EyeLearn

Inspiration

Over 1.71 billion people worldwide live with musculoskeletal or neuromuscular conditions that restrict hand movement. Traditional learning tools rely on typing and touching. We wanted to make digital learning truly inclusive by transforming natural eye movement into a new mode of control. The Assistive Techonology Market is growing with 5% of CAGR each year, and about 28% of them are visual aids or communication tool. We'd love to help individuals with hand mobility disability or paralysis enable independent learning without relying on manual input.

What it does

EyeLearn is an AI-powered web app that turns gaze and blink data into digital interaction. Users can highlight text, scroll, and generate flashcards hands-free. The system automatically detects focus points to create personalized study materials, enabling fully independent learning.

How we built it

For AI-powered gaze tracking, we used WebGazer.js to estimate real-time gaze coordinates from webcam input. For internal blink detection, we calculated Eye Aspect Ratio (EAR) to determine blink events. Then, we combined computer vision (MediaPipe) and AI regression models (WebGazer) in a unified web interface. We also executed multimodal signal fusion to create intuitive human-computer interaction.

Technical solution

1. AI-Powered Gaze Tracking Uses WebGazer.js to estimate real-time gaze coordinates from webcam input. Implements temporal smoothing (moving average) and low-pass filtering (α=0.22) for stable, natural motion.

2. Intentional Blink Detection Integrates MediaPipe FaceMesh to extract 3D facial landmarks. Calculates Eye Aspect Ratio (EAR) to determine blink events. Detects intentional blinks when eyes remain closed for >500 ms (EAR < 0.18).

3. Real-Time Learning Interaction Merges gaze coordinates and blink events to identify which sentence the user is focusing on. Automatically highlights text and generates flashcards based on gaze attention.

Challenges we ran into

1. Thresholding & Calibration Accuracy: Accurate gaze mapping was challenging due to inconsistent thresholding, lighting, and head-pose bias, requiring frequent recalibration.

2. Optimization & Smoothing: Applied moving-average and exponential smoothing filters to reduce jitter and balance real-time stability with low latency.

3. Debugging Interactive Behavior: Refined blink-event timing and asynchronous handling to ensure precise highlight detection and seamless UI transitions.

4. User Feedback & Calibration UI: Built a visual calibration interface with gaze-dot feedback and prompts to help users trust and validate tracking accuracy.

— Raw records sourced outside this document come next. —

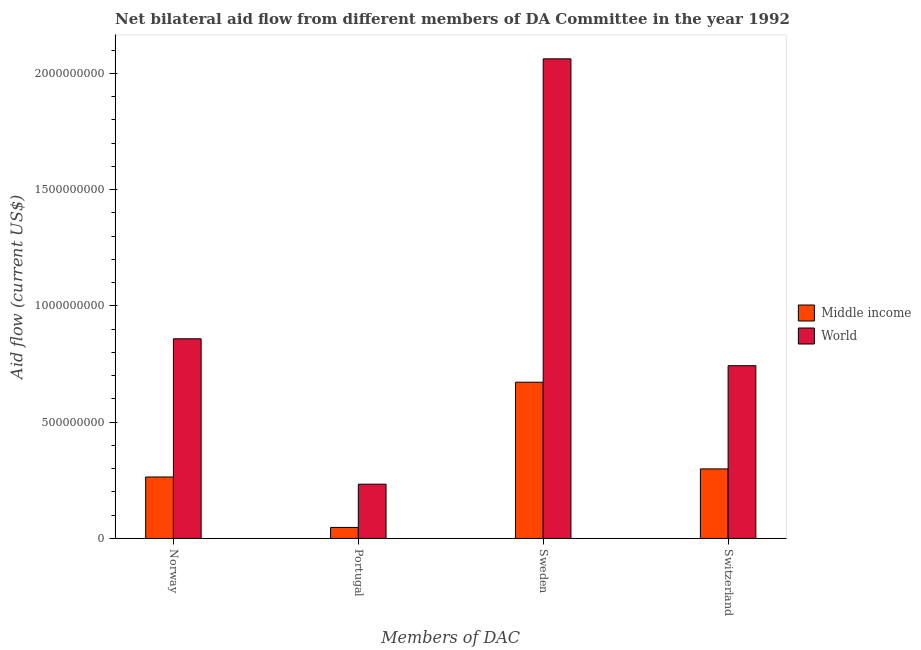Are the number of bars on each tick of the X-axis equal?
Your response must be concise. Yes. How many bars are there on the 1st tick from the left?
Keep it short and to the point. 2. What is the amount of aid given by switzerland in Middle income?
Provide a short and direct response. 2.99e+08. Across all countries, what is the maximum amount of aid given by norway?
Offer a terse response. 8.58e+08. Across all countries, what is the minimum amount of aid given by sweden?
Your answer should be compact. 6.72e+08. In which country was the amount of aid given by portugal minimum?
Offer a very short reply. Middle income. What is the total amount of aid given by switzerland in the graph?
Provide a short and direct response. 1.04e+09. What is the difference between the amount of aid given by sweden in Middle income and that in World?
Offer a terse response. -1.39e+09. What is the difference between the amount of aid given by switzerland in World and the amount of aid given by norway in Middle income?
Offer a terse response. 4.79e+08. What is the average amount of aid given by sweden per country?
Your response must be concise. 1.37e+09. What is the difference between the amount of aid given by portugal and amount of aid given by norway in World?
Your answer should be very brief. -6.25e+08. In how many countries, is the amount of aid given by switzerland greater than 2000000000 US$?
Keep it short and to the point. 0. What is the ratio of the amount of aid given by sweden in Middle income to that in World?
Provide a succinct answer. 0.33. Is the amount of aid given by switzerland in World less than that in Middle income?
Your response must be concise. No. Is the difference between the amount of aid given by sweden in Middle income and World greater than the difference between the amount of aid given by norway in Middle income and World?
Keep it short and to the point. No. What is the difference between the highest and the second highest amount of aid given by switzerland?
Provide a short and direct response. 4.44e+08. What is the difference between the highest and the lowest amount of aid given by switzerland?
Offer a very short reply. 4.44e+08. In how many countries, is the amount of aid given by sweden greater than the average amount of aid given by sweden taken over all countries?
Offer a terse response. 1. Is the sum of the amount of aid given by norway in World and Middle income greater than the maximum amount of aid given by switzerland across all countries?
Ensure brevity in your answer.  Yes. What does the 1st bar from the right in Portugal represents?
Provide a succinct answer. World. How many bars are there?
Ensure brevity in your answer.  8. How many countries are there in the graph?
Make the answer very short. 2. What is the difference between two consecutive major ticks on the Y-axis?
Give a very brief answer. 5.00e+08. Does the graph contain grids?
Your answer should be compact. No. Where does the legend appear in the graph?
Provide a succinct answer. Center right. How many legend labels are there?
Provide a succinct answer. 2. What is the title of the graph?
Your answer should be very brief. Net bilateral aid flow from different members of DA Committee in the year 1992. Does "Senegal" appear as one of the legend labels in the graph?
Your answer should be compact. No. What is the label or title of the X-axis?
Keep it short and to the point. Members of DAC. What is the label or title of the Y-axis?
Your answer should be very brief. Aid flow (current US$). What is the Aid flow (current US$) in Middle income in Norway?
Provide a short and direct response. 2.64e+08. What is the Aid flow (current US$) of World in Norway?
Offer a terse response. 8.58e+08. What is the Aid flow (current US$) in Middle income in Portugal?
Offer a very short reply. 4.73e+07. What is the Aid flow (current US$) in World in Portugal?
Provide a short and direct response. 2.33e+08. What is the Aid flow (current US$) in Middle income in Sweden?
Give a very brief answer. 6.72e+08. What is the Aid flow (current US$) of World in Sweden?
Your answer should be very brief. 2.06e+09. What is the Aid flow (current US$) of Middle income in Switzerland?
Offer a very short reply. 2.99e+08. What is the Aid flow (current US$) of World in Switzerland?
Ensure brevity in your answer.  7.43e+08. Across all Members of DAC, what is the maximum Aid flow (current US$) of Middle income?
Ensure brevity in your answer.  6.72e+08. Across all Members of DAC, what is the maximum Aid flow (current US$) in World?
Provide a short and direct response. 2.06e+09. Across all Members of DAC, what is the minimum Aid flow (current US$) in Middle income?
Keep it short and to the point. 4.73e+07. Across all Members of DAC, what is the minimum Aid flow (current US$) in World?
Make the answer very short. 2.33e+08. What is the total Aid flow (current US$) of Middle income in the graph?
Your response must be concise. 1.28e+09. What is the total Aid flow (current US$) in World in the graph?
Provide a short and direct response. 3.90e+09. What is the difference between the Aid flow (current US$) in Middle income in Norway and that in Portugal?
Your response must be concise. 2.17e+08. What is the difference between the Aid flow (current US$) in World in Norway and that in Portugal?
Your response must be concise. 6.25e+08. What is the difference between the Aid flow (current US$) in Middle income in Norway and that in Sweden?
Your answer should be very brief. -4.08e+08. What is the difference between the Aid flow (current US$) of World in Norway and that in Sweden?
Ensure brevity in your answer.  -1.20e+09. What is the difference between the Aid flow (current US$) of Middle income in Norway and that in Switzerland?
Keep it short and to the point. -3.48e+07. What is the difference between the Aid flow (current US$) in World in Norway and that in Switzerland?
Give a very brief answer. 1.16e+08. What is the difference between the Aid flow (current US$) in Middle income in Portugal and that in Sweden?
Your response must be concise. -6.24e+08. What is the difference between the Aid flow (current US$) in World in Portugal and that in Sweden?
Offer a very short reply. -1.83e+09. What is the difference between the Aid flow (current US$) of Middle income in Portugal and that in Switzerland?
Give a very brief answer. -2.52e+08. What is the difference between the Aid flow (current US$) of World in Portugal and that in Switzerland?
Provide a succinct answer. -5.09e+08. What is the difference between the Aid flow (current US$) of Middle income in Sweden and that in Switzerland?
Provide a succinct answer. 3.73e+08. What is the difference between the Aid flow (current US$) of World in Sweden and that in Switzerland?
Offer a very short reply. 1.32e+09. What is the difference between the Aid flow (current US$) in Middle income in Norway and the Aid flow (current US$) in World in Portugal?
Your answer should be very brief. 3.09e+07. What is the difference between the Aid flow (current US$) in Middle income in Norway and the Aid flow (current US$) in World in Sweden?
Offer a terse response. -1.80e+09. What is the difference between the Aid flow (current US$) of Middle income in Norway and the Aid flow (current US$) of World in Switzerland?
Your answer should be compact. -4.79e+08. What is the difference between the Aid flow (current US$) in Middle income in Portugal and the Aid flow (current US$) in World in Sweden?
Provide a short and direct response. -2.01e+09. What is the difference between the Aid flow (current US$) in Middle income in Portugal and the Aid flow (current US$) in World in Switzerland?
Ensure brevity in your answer.  -6.95e+08. What is the difference between the Aid flow (current US$) of Middle income in Sweden and the Aid flow (current US$) of World in Switzerland?
Make the answer very short. -7.10e+07. What is the average Aid flow (current US$) in Middle income per Members of DAC?
Make the answer very short. 3.21e+08. What is the average Aid flow (current US$) in World per Members of DAC?
Make the answer very short. 9.74e+08. What is the difference between the Aid flow (current US$) in Middle income and Aid flow (current US$) in World in Norway?
Offer a very short reply. -5.94e+08. What is the difference between the Aid flow (current US$) of Middle income and Aid flow (current US$) of World in Portugal?
Keep it short and to the point. -1.86e+08. What is the difference between the Aid flow (current US$) of Middle income and Aid flow (current US$) of World in Sweden?
Offer a very short reply. -1.39e+09. What is the difference between the Aid flow (current US$) in Middle income and Aid flow (current US$) in World in Switzerland?
Offer a terse response. -4.44e+08. What is the ratio of the Aid flow (current US$) of Middle income in Norway to that in Portugal?
Your answer should be compact. 5.58. What is the ratio of the Aid flow (current US$) of World in Norway to that in Portugal?
Your response must be concise. 3.68. What is the ratio of the Aid flow (current US$) in Middle income in Norway to that in Sweden?
Give a very brief answer. 0.39. What is the ratio of the Aid flow (current US$) in World in Norway to that in Sweden?
Offer a very short reply. 0.42. What is the ratio of the Aid flow (current US$) of Middle income in Norway to that in Switzerland?
Your response must be concise. 0.88. What is the ratio of the Aid flow (current US$) of World in Norway to that in Switzerland?
Provide a succinct answer. 1.16. What is the ratio of the Aid flow (current US$) of Middle income in Portugal to that in Sweden?
Ensure brevity in your answer.  0.07. What is the ratio of the Aid flow (current US$) of World in Portugal to that in Sweden?
Keep it short and to the point. 0.11. What is the ratio of the Aid flow (current US$) in Middle income in Portugal to that in Switzerland?
Your response must be concise. 0.16. What is the ratio of the Aid flow (current US$) of World in Portugal to that in Switzerland?
Your response must be concise. 0.31. What is the ratio of the Aid flow (current US$) in Middle income in Sweden to that in Switzerland?
Offer a terse response. 2.25. What is the ratio of the Aid flow (current US$) in World in Sweden to that in Switzerland?
Offer a very short reply. 2.78. What is the difference between the highest and the second highest Aid flow (current US$) of Middle income?
Your response must be concise. 3.73e+08. What is the difference between the highest and the second highest Aid flow (current US$) of World?
Give a very brief answer. 1.20e+09. What is the difference between the highest and the lowest Aid flow (current US$) in Middle income?
Offer a very short reply. 6.24e+08. What is the difference between the highest and the lowest Aid flow (current US$) in World?
Provide a succinct answer. 1.83e+09.

Accomplishments that we're proud of

Helped people with limited hand mobility or paralysis achieve independent learning and reading.
Developed AI-powered gaze tracking and intentional blink detection technology.
Created meaningful social impact by improving accessibility for individuals with disabilities.

What we learned

1. Real-time interactivity : We learned how small timing issues or sensor noise can break interactivity — and how smoothing, calibration, and consistent feedback loops can fix it. 2. Importance of calibration : Accurate gaze tracking depends heavily on initial calibration, stable lighting, and consistent positioning.

What's next for EyeLearn

Product Development

1. Better Calibration Experience:

Add an on-screen calibration guide (e.g., “Click 5 points to calibrate”) and show feedback after each click to improve accuracy.

2. Enhanced Features:

Export flashcards as .txt or .csv

Add PDF export and modern CSS styling

Highlight individual words instead of full sentences for finer precision

Change the gaze dot color on blink events

3. Machine Learning Improvements:

Integrate head-pose detection (e.g., with MediaPipe FaceMesh) to correct for downward gaze bias.

Train a small regression model to fine-tune calibration data.

Business Development

1. Beta Testing with Target Users

Launch closed beta for individuals with musculoskeletal or neuromuscular conditions (e.g., ALS, spinal cord injury).

Partner with rehabilitation centers and accessibility organizations to collect structured usability feedback.

Measure engagement, ease of use, and independence improvement metrics.

2. Customer Interviews & Market Research

Conduct interviews with users, caregivers, and therapists to identify key pain points and learning behaviors.

Map competitive landscape and assess partnership opportunities with healthcare and education sectors.

3. Product GTM Plan

Initiate pilot programs in hospitals and educational institutions to demonstrate product value.

Scale through B2B collaborations, institutional licensing, and direct-to-consumer web integrations.

Position EyeLearn as the leading accessibility platform for digital learning and rehabilitation environments.